● **Assigned task**
Below is a listing. Set down exactly the lines from the one containing "3. toy train from (686, 343) to (719, 539)" through the one containing "11. cosmetic package", both ends included, and leave out the rest.
[Opening Data supplied section]
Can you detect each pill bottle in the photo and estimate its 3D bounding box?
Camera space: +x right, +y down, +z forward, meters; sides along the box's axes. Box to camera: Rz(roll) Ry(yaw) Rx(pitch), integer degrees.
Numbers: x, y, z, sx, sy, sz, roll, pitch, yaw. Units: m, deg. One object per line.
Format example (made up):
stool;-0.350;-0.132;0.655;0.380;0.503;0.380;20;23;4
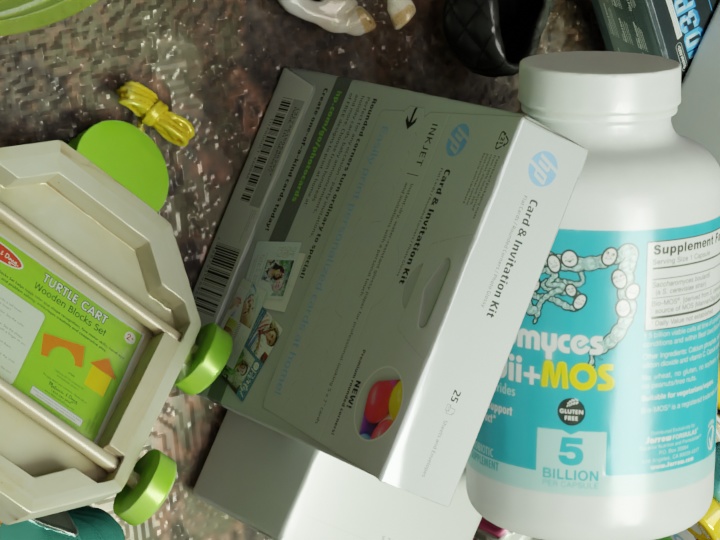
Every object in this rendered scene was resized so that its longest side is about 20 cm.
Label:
pill bottle;0.101;0.009;1.125;0.110;0.111;0.201;-7;104;-30

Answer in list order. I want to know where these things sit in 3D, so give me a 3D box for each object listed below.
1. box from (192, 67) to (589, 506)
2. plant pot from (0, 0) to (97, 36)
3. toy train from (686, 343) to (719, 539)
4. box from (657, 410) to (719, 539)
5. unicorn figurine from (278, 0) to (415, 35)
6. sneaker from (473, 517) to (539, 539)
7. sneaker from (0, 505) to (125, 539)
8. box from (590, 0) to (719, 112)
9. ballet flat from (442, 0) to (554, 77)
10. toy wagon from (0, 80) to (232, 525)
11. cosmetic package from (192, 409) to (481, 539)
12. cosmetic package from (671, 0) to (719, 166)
box;0.000;0.000;1.106;0.041;0.200;0.157;23;87;-31
plant pot;-0.158;-0.163;0.942;0.199;0.190;0.201;0;108;-1
toy train;0.216;0.053;1.196;0.150;0.056;0.201;-7;113;-35
box;0.247;0.124;1.341;0.176;0.097;0.200;-41;118;-17
unicorn figurine;-0.020;-0.169;1.145;0.137;0.074;0.200;40;64;-21
sneaker;0.089;0.136;1.264;0.087;0.074;0.200;38;84;-31
sneaker;-0.184;0.092;1.090;0.199;0.071;0.080;10;99;-31
box;0.186;-0.142;1.246;0.159;0.046;0.200;-43;137;-18
ballet flat;0.097;-0.182;1.200;0.066;0.057;0.201;16;100;-36
toy wagon;-0.127;0.008;1.100;0.155;0.040;0.201;38;53;-20
cosmetic package;0.018;0.038;1.194;0.107;0.085;0.201;23;86;-35
cosmetic package;0.190;-0.037;1.224;0.101;0.071;0.201;13;104;-47
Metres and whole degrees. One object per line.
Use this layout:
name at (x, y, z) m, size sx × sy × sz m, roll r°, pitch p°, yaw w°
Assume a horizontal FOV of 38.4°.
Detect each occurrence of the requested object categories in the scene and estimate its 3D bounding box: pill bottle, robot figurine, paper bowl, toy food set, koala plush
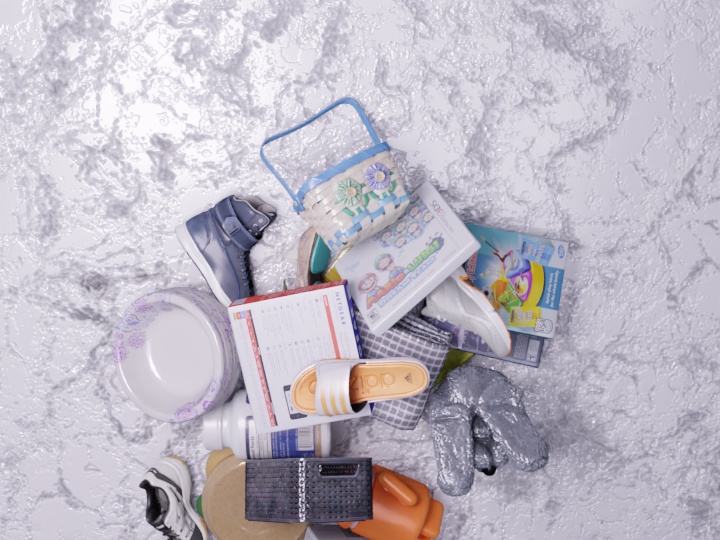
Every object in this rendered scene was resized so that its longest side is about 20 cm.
pill bottle at (-0.146, 0.243, 1.637) m, size 0.198 × 0.111 × 0.112 m, roll 0°, pitch 104°, yaw -1°
robot figurine at (0.035, 0.378, 1.673) m, size 0.199 × 0.144 × 0.117 m, roll 23°, pitch 86°, yaw -7°
paper bowl at (-0.271, 0.125, 1.587) m, size 0.199 × 0.104 × 0.202 m, roll 3°, pitch 97°, yaw 25°
toy food set at (-0.170, 0.383, 1.703) m, size 0.199 × 0.049 × 0.199 m, roll 12°, pitch 103°, yaw -5°
koala plush at (0.188, 0.250, 1.617) m, size 0.176 × 0.200 × 0.185 m, roll -18°, pitch 73°, yaw 3°

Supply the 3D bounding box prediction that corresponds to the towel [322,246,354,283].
towel at (0.000, 0.000, 1.630) m, size 0.086 × 0.018 × 0.200 m, roll 34°, pitch 100°, yaw -10°

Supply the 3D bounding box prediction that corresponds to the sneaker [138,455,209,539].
sneaker at (-0.310, 0.407, 1.676) m, size 0.075 × 0.088 × 0.201 m, roll -11°, pitch 101°, yaw 31°

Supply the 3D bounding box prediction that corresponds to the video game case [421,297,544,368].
video game case at (0.199, 0.063, 1.630) m, size 0.199 × 0.019 × 0.144 m, roll 13°, pitch 86°, yaw -4°

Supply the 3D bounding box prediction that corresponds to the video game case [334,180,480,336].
video game case at (0.064, -0.022, 1.534) m, size 0.200 × 0.182 × 0.024 m, roll -42°, pitch 128°, yaw 9°

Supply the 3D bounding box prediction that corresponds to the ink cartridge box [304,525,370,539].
ink cartridge box at (-0.056, 0.525, 1.721) m, size 0.108 × 0.050 × 0.201 m, roll 8°, pitch 105°, yaw -28°

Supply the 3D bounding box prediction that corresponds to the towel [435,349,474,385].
towel at (0.098, 0.153, 1.662) m, size 0.200 × 0.018 × 0.086 m, roll -39°, pitch 102°, yaw 7°

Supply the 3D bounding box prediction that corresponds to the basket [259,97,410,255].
basket at (-0.029, -0.143, 1.526) m, size 0.176 × 0.139 × 0.200 m, roll -33°, pitch 79°, yaw -20°

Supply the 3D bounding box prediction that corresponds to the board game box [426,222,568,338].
board game box at (0.211, 0.014, 1.601) m, size 0.199 × 0.047 × 0.152 m, roll 10°, pitch 85°, yaw -5°

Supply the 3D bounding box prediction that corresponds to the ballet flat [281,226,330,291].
ballet flat at (-0.089, 0.003, 1.602) m, size 0.067 × 0.068 × 0.201 m, roll 11°, pitch 95°, yaw 21°

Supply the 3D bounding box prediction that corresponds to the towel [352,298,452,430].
towel at (0.022, 0.139, 1.586) m, size 0.199 × 0.086 × 0.166 m, roll 21°, pitch 112°, yaw 1°

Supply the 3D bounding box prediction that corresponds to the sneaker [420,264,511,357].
sneaker at (0.144, 0.057, 1.539) m, size 0.092 × 0.076 × 0.200 m, roll -38°, pitch 83°, yaw 1°

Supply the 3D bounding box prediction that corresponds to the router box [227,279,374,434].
router box at (-0.087, 0.129, 1.530) m, size 0.178 × 0.049 × 0.201 m, roll -10°, pitch 99°, yaw 8°

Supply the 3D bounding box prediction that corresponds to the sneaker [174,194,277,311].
sneaker at (-0.171, -0.020, 1.589) m, size 0.146 × 0.077 × 0.203 m, roll -32°, pitch 101°, yaw 9°

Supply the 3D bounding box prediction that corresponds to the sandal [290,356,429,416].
sandal at (-0.005, 0.163, 1.471) m, size 0.205 × 0.059 × 0.080 m, roll -10°, pitch 99°, yaw 8°

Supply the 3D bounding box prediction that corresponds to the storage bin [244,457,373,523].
storage bin at (-0.081, 0.332, 1.563) m, size 0.134 × 0.200 × 0.094 m, roll 6°, pitch 78°, yaw -30°
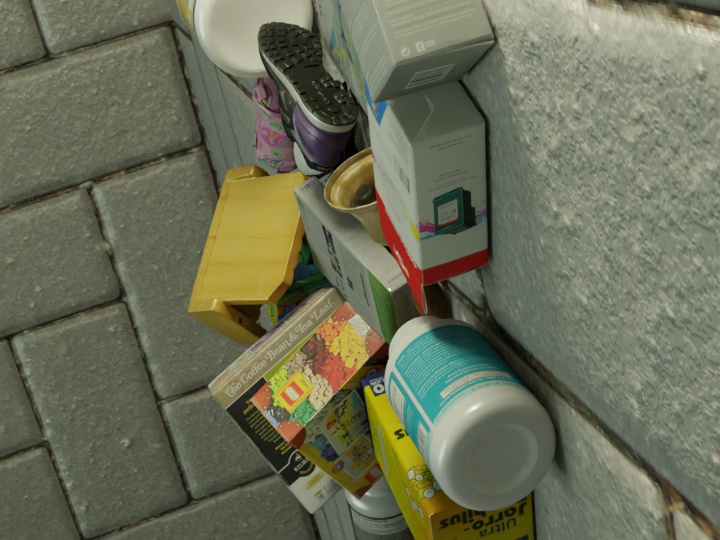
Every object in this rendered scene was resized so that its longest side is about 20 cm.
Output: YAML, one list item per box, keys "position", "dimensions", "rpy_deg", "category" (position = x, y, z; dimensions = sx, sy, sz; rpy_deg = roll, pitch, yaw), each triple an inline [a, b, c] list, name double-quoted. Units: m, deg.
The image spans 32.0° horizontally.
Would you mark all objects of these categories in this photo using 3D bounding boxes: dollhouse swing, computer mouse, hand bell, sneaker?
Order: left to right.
- position: [-0.108, -0.017, 1.644]
  dimensions: [0.181, 0.173, 0.203]
  rpy_deg: [38, -119, -53]
  category: "dollhouse swing"
- position: [-0.072, -0.190, 1.383]
  dimensions: [0.088, 0.075, 0.201]
  rpy_deg: [110, 145, -41]
  category: "sneaker"
- position: [-0.046, -0.147, 1.464]
  dimensions: [0.200, 0.043, 0.112]
  rpy_deg: [157, 109, -72]
  category: "computer mouse"
- position: [0.049, -0.015, 1.249]
  dimensions: [0.202, 0.103, 0.104]
  rpy_deg: [64, 175, -32]
  category: "hand bell"

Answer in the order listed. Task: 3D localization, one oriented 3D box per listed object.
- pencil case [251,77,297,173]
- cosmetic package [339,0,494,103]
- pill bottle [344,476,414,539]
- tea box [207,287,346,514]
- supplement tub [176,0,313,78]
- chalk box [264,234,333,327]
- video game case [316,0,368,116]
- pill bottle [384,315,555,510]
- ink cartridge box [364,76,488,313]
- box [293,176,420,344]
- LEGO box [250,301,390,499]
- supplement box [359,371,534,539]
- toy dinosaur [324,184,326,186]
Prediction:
- position: [-0.107, -0.206, 1.716]
  dimensions: [0.200, 0.086, 0.089]
  rpy_deg: [106, 144, -71]
  category: "pencil case"
- position: [0.021, -0.241, 0.942]
  dimensions: [0.107, 0.089, 0.203]
  rpy_deg: [145, 109, -80]
  category: "cosmetic package"
- position: [0.035, 0.327, 1.787]
  dimensions: [0.111, 0.109, 0.202]
  rpy_deg: [-119, 15, -47]
  category: "pill bottle"
- position: [-0.056, 0.158, 1.577]
  dimensions: [0.198, 0.199, 0.134]
  rpy_deg: [51, 172, -6]
  category: "tea box"
- position: [-0.147, -0.330, 1.536]
  dimensions: [0.200, 0.143, 0.147]
  rpy_deg: [-126, 20, -59]
  category: "supplement tub"
- position: [-0.089, -0.009, 1.841]
  dimensions: [0.201, 0.122, 0.126]
  rpy_deg: [91, 158, -62]
  category: "chalk box"
- position: [-0.013, -0.260, 1.271]
  dimensions: [0.201, 0.022, 0.184]
  rpy_deg: [-119, 15, -48]
  category: "video game case"
- position: [0.087, 0.115, 1.122]
  dimensions: [0.200, 0.109, 0.112]
  rpy_deg: [-125, 19, -60]
  category: "pill bottle"
- position: [0.058, -0.074, 1.075]
  dimensions: [0.202, 0.066, 0.117]
  rpy_deg: [83, 166, -47]
  category: "ink cartridge box"
- position: [0.000, 0.000, 1.455]
  dimensions: [0.200, 0.036, 0.145]
  rpy_deg: [48, 163, 35]
  category: "box"
- position: [-0.009, 0.149, 1.398]
  dimensions: [0.077, 0.149, 0.200]
  rpy_deg: [42, 176, 35]
  category: "LEGO box"
- position: [0.086, 0.194, 1.274]
  dimensions: [0.201, 0.107, 0.111]
  rpy_deg: [-120, 15, -48]
  category: "supplement box"
- position: [-0.022, -0.097, 1.569]
  dimensions: [0.200, 0.057, 0.103]
  rpy_deg: [145, 122, -72]
  category: "toy dinosaur"
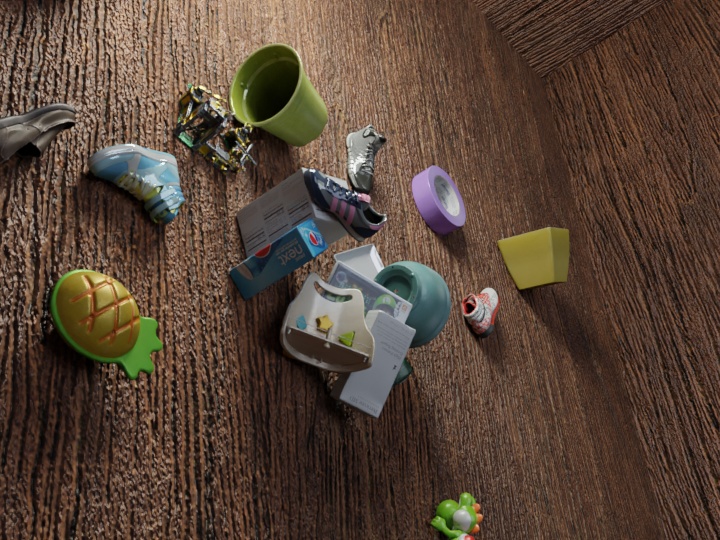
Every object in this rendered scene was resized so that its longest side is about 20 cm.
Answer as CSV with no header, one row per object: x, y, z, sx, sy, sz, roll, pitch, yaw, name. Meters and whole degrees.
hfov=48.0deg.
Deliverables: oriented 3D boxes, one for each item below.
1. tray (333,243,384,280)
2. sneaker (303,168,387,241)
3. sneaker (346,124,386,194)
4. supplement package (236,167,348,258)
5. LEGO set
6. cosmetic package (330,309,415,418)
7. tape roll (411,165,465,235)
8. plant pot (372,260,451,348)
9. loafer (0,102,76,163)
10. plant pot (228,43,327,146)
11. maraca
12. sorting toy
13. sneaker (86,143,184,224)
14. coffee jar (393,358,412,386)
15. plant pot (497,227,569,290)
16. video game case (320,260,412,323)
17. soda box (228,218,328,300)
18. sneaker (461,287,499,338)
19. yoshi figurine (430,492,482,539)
0.000,0.000,1.976,0.199,0.022,0.109,-18,82,-59,tray
-0.027,-0.142,1.595,0.199,0.081,0.071,41,38,-34,sneaker
0.023,-0.306,2.154,0.074,0.114,0.204,24,48,-45,sneaker
-0.130,-0.106,1.685,0.154,0.198,0.113,8,60,-54,supplement package
-0.286,-0.305,1.682,0.200,0.115,0.155,46,34,-25,LEGO set
0.027,0.195,1.691,0.100,0.074,0.204,28,77,-16,cosmetic package
0.240,-0.213,2.462,0.199,0.065,0.203,37,38,-36,tape roll
0.098,0.063,1.871,0.134,0.196,0.204,41,33,-60,plant pot
-0.533,-0.214,1.299,0.200,0.072,0.072,-39,110,-54,loafer
-0.173,-0.387,1.875,0.184,0.197,0.205,33,40,-56,plant pot
-0.387,0.083,1.241,0.200,0.106,0.139,43,43,-29,maraca
-0.066,0.098,1.651,0.196,0.107,0.183,21,57,-14,sorting toy
-0.389,-0.148,1.447,0.198,0.079,0.133,-3,68,-56,sneaker
0.030,0.163,1.812,0.084,0.104,0.203,-31,94,-25,coffee jar
0.609,-0.034,2.778,0.198,0.197,0.181,1,77,-56,plant pot
-0.006,0.109,1.733,0.197,0.023,0.185,30,77,-16,video game case
-0.161,-0.020,1.572,0.069,0.198,0.064,58,31,-3,soda box
0.354,0.094,2.397,0.108,0.066,0.203,49,36,-25,sneaker
0.201,0.591,1.784,0.109,0.113,0.203,16,57,3,yoshi figurine
[Closing Data supplied section]
● **Answer section**
3. toy train from (686, 343) to (719, 539)
4. box from (657, 410) to (719, 539)
5. unicorn figurine from (278, 0) to (415, 35)
6. sneaker from (473, 517) to (539, 539)
7. sneaker from (0, 505) to (125, 539)
8. box from (590, 0) to (719, 112)
9. ballet flat from (442, 0) to (554, 77)
10. toy wagon from (0, 80) to (232, 525)
11. cosmetic package from (192, 409) to (481, 539)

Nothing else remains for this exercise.